[INSTRUCTIONS TO FOLLOW] Can you restate the lines of the entries below, word for word, from the first one through the line that includes "the provided BufRead"?

[RECORDS FOR THE EXERCISE]

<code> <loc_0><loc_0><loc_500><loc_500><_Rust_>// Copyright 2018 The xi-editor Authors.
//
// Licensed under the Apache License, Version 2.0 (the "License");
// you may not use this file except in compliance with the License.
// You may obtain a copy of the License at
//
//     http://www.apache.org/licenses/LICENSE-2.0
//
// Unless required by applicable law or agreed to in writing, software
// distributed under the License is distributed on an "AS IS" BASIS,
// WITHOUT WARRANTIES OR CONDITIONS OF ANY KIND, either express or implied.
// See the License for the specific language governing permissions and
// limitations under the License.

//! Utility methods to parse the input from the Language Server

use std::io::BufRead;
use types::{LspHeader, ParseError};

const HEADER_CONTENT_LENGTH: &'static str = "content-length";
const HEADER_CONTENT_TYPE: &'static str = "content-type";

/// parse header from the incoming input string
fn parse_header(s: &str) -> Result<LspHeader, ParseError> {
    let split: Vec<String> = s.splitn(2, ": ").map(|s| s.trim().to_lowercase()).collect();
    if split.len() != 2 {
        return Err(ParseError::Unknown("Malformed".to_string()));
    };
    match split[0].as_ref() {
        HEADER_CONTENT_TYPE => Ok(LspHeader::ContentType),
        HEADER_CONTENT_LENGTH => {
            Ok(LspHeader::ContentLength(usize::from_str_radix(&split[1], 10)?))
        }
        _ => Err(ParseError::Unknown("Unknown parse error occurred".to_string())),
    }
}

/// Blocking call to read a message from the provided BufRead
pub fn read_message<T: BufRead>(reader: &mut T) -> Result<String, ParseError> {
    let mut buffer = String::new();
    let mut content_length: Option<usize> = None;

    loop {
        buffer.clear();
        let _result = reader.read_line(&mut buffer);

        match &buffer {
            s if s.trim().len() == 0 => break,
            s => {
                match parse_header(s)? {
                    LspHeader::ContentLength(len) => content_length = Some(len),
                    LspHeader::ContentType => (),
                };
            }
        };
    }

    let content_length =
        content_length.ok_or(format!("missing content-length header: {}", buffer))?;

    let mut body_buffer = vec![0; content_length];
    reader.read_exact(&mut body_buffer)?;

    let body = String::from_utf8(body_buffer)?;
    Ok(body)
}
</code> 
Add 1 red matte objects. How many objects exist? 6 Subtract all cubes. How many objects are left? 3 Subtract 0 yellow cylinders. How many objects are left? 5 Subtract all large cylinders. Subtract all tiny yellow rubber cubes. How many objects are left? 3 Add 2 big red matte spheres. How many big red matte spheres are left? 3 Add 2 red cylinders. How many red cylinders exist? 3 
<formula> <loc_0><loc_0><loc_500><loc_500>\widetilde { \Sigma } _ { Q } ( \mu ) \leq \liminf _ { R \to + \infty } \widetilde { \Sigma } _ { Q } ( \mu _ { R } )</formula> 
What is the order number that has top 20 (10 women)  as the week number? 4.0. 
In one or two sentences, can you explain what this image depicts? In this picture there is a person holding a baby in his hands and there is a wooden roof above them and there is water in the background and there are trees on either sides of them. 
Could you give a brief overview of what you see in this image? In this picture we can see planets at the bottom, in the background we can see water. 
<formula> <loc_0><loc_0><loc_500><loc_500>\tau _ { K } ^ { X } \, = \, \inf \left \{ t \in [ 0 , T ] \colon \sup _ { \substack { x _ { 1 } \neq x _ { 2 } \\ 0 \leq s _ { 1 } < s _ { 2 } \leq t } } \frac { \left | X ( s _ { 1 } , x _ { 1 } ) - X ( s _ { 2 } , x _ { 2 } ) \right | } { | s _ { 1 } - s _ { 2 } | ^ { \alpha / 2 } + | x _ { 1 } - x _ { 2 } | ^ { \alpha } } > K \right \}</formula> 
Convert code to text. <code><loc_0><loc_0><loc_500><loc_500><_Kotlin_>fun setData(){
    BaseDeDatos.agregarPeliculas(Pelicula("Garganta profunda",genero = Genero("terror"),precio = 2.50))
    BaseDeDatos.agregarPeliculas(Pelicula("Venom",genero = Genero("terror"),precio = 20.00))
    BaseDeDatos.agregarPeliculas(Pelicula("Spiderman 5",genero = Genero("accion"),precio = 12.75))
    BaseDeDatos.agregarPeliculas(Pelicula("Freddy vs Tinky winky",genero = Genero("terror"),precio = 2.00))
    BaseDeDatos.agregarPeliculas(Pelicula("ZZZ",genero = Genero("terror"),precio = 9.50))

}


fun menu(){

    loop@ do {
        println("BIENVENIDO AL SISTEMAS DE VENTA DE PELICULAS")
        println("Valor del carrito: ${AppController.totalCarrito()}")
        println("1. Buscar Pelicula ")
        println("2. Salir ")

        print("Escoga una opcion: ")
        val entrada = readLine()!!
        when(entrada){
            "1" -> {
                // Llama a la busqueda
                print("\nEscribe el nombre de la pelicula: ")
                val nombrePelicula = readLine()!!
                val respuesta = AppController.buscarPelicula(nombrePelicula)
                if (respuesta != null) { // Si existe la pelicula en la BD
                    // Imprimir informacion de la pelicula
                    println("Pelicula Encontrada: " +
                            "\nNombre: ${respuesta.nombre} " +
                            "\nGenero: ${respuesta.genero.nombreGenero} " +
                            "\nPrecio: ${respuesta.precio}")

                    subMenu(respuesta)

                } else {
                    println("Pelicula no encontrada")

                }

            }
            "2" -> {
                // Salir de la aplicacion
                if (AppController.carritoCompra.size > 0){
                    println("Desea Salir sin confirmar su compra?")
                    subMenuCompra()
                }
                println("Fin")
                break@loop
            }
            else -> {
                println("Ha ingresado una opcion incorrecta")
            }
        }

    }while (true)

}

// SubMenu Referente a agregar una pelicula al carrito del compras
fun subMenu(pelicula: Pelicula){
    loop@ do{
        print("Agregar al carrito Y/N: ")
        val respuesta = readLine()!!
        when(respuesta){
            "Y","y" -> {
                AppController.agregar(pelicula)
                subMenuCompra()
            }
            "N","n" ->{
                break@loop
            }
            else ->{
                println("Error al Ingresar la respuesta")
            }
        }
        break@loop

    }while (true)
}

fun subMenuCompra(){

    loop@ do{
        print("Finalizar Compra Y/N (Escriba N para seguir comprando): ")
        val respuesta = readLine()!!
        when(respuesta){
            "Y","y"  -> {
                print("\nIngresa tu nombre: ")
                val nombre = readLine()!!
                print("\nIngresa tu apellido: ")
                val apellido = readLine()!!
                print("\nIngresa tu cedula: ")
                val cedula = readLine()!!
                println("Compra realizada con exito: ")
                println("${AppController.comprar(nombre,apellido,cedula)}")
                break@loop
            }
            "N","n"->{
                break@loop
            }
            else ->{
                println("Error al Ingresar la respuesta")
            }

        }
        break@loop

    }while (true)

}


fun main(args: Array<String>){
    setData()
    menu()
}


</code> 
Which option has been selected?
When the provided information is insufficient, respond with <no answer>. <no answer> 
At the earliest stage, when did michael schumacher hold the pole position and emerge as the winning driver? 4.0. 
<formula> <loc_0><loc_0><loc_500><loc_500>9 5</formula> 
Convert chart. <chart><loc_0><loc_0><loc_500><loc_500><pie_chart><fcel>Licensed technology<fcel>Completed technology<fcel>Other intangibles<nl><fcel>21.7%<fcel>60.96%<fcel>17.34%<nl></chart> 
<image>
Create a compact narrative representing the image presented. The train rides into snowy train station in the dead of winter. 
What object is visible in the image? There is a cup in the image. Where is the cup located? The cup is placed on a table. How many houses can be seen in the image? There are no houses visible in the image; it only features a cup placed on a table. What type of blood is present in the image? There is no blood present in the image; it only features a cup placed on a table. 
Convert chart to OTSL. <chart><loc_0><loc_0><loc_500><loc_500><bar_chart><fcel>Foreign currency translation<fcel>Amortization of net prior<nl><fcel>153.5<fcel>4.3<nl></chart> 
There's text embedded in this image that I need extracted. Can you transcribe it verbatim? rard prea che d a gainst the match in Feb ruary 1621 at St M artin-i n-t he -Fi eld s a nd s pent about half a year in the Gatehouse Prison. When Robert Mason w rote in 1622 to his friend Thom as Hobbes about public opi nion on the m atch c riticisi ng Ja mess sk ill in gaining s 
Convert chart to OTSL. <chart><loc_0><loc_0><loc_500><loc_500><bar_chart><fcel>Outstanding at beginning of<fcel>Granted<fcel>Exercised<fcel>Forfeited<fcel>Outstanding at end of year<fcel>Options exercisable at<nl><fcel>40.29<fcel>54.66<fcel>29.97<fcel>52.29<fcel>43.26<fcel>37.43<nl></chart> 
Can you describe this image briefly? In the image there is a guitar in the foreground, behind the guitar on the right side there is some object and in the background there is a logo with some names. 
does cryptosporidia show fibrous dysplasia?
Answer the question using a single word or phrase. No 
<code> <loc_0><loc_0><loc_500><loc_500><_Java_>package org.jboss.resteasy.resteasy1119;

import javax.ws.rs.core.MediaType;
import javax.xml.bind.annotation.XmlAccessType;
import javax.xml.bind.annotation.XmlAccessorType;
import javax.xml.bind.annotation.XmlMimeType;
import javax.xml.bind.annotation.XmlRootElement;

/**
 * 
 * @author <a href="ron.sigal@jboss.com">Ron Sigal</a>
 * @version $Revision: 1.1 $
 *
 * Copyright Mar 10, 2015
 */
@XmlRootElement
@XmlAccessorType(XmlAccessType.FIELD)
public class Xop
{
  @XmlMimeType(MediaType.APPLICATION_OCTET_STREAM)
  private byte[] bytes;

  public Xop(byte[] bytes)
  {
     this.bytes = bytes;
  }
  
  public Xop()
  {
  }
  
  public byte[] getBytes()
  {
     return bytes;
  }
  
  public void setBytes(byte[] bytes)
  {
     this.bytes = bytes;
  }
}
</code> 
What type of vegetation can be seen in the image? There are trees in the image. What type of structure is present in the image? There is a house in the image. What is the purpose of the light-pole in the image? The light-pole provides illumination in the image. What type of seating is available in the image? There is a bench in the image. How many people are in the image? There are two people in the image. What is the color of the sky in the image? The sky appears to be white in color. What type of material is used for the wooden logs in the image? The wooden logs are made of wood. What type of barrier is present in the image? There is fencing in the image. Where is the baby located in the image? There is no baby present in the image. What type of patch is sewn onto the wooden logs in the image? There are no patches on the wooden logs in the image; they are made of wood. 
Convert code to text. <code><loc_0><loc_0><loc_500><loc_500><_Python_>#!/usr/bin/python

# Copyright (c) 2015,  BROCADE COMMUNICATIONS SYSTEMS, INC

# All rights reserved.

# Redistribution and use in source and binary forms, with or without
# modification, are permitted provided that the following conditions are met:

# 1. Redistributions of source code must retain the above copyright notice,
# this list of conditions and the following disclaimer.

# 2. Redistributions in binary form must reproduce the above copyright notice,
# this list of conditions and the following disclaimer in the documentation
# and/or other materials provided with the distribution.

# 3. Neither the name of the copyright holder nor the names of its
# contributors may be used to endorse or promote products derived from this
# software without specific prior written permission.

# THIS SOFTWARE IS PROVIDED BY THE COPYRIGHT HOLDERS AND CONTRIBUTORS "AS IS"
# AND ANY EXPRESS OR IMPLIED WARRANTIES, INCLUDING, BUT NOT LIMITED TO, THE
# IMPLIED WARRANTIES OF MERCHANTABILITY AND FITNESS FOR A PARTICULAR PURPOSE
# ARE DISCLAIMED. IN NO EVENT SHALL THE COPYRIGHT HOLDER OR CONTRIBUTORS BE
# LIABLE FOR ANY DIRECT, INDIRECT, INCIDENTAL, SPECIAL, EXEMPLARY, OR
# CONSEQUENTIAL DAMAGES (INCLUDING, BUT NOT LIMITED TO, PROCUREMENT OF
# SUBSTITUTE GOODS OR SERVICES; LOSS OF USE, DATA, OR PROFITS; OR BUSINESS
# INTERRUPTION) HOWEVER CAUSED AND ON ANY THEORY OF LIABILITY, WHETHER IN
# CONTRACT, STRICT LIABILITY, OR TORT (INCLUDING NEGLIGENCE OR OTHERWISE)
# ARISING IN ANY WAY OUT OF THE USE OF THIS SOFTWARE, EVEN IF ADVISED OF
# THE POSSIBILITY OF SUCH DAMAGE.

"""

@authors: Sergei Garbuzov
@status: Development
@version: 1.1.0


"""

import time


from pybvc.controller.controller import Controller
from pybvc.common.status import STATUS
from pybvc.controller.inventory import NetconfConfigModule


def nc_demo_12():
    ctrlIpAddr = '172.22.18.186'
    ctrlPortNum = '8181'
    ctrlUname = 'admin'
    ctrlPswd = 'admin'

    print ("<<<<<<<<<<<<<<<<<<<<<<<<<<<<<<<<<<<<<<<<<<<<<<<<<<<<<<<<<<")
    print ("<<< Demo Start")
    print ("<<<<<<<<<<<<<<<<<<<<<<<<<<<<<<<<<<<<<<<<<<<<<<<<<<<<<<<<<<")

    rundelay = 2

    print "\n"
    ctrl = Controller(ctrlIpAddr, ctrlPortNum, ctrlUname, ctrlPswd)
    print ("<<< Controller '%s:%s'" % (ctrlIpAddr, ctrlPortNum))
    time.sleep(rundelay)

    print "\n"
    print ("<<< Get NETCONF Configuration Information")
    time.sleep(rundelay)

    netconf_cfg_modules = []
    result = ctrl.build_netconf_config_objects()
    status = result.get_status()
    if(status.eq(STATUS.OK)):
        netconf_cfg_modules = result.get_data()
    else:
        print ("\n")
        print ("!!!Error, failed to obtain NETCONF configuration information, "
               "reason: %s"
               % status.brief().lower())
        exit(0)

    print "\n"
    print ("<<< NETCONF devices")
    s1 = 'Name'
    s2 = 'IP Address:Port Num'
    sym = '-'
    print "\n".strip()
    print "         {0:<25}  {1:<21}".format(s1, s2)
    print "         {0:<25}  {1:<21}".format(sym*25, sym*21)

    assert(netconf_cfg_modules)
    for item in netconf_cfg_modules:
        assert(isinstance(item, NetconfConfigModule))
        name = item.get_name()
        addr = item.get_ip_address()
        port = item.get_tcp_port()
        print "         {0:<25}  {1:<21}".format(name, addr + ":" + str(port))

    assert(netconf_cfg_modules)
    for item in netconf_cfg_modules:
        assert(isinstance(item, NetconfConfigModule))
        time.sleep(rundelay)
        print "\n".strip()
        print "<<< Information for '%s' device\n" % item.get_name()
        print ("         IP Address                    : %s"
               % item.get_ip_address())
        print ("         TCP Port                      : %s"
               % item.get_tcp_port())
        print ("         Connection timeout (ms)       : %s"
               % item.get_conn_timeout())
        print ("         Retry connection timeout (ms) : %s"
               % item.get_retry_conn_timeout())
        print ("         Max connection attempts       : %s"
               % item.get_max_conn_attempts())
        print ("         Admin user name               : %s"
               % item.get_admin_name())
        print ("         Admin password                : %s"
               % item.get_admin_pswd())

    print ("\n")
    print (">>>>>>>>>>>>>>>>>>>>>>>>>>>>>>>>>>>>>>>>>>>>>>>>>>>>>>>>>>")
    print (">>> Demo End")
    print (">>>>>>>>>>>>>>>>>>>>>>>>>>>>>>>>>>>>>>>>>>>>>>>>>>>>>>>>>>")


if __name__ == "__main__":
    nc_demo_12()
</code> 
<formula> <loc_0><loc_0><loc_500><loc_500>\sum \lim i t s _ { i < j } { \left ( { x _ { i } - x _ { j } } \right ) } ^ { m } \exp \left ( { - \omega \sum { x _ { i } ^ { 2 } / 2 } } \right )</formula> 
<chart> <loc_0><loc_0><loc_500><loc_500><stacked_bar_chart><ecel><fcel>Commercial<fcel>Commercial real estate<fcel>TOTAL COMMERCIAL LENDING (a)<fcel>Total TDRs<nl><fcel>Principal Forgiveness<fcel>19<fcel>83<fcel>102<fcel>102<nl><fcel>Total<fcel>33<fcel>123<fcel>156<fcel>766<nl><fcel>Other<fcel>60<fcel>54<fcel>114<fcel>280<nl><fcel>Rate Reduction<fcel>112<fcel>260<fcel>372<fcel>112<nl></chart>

[FINISHED TASK]
<code> <loc_0><loc_0><loc_500><loc_500><_Rust_>// Copyright 2018 The xi-editor Authors.
//
// Licensed under the Apache License, Version 2.0 (the "License");
// you may not use this file except in compliance with the License.
// You may obtain a copy of the License at
//
//     http://www.apache.org/licenses/LICENSE-2.0
//
// Unless required by applicable law or agreed to in writing, software
// distributed under the License is distributed on an "AS IS" BASIS,
// WITHOUT WARRANTIES OR CONDITIONS OF ANY KIND, either express or implied.
// See the License for the specific language governing permissions and
// limitations under the License.

//! Utility methods to parse the input from the Language Server

use std::io::BufRead;
use types::{LspHeader, ParseError};

const HEADER_CONTENT_LENGTH: &'static str = "content-length";
const HEADER_CONTENT_TYPE: &'static str = "content-type";

/// parse header from the incoming input string
fn parse_header(s: &str) -> Result<LspHeader, ParseError> {
    let split: Vec<String> = s.splitn(2, ": ").map(|s| s.trim().to_lowercase()).collect();
    if split.len() != 2 {
        return Err(ParseError::Unknown("Malformed".to_string()));
    };
    match split[0].as_ref() {
        HEADER_CONTENT_TYPE => Ok(LspHeader::ContentType),
        HEADER_CONTENT_LENGTH => {
            Ok(LspHeader::ContentLength(usize::from_str_radix(&split[1], 10)?))
        }
        _ => Err(ParseError::Unknown("Unknown parse error occurred".to_string())),
    }
}

/// Blocking call to read a message from the provided BufRead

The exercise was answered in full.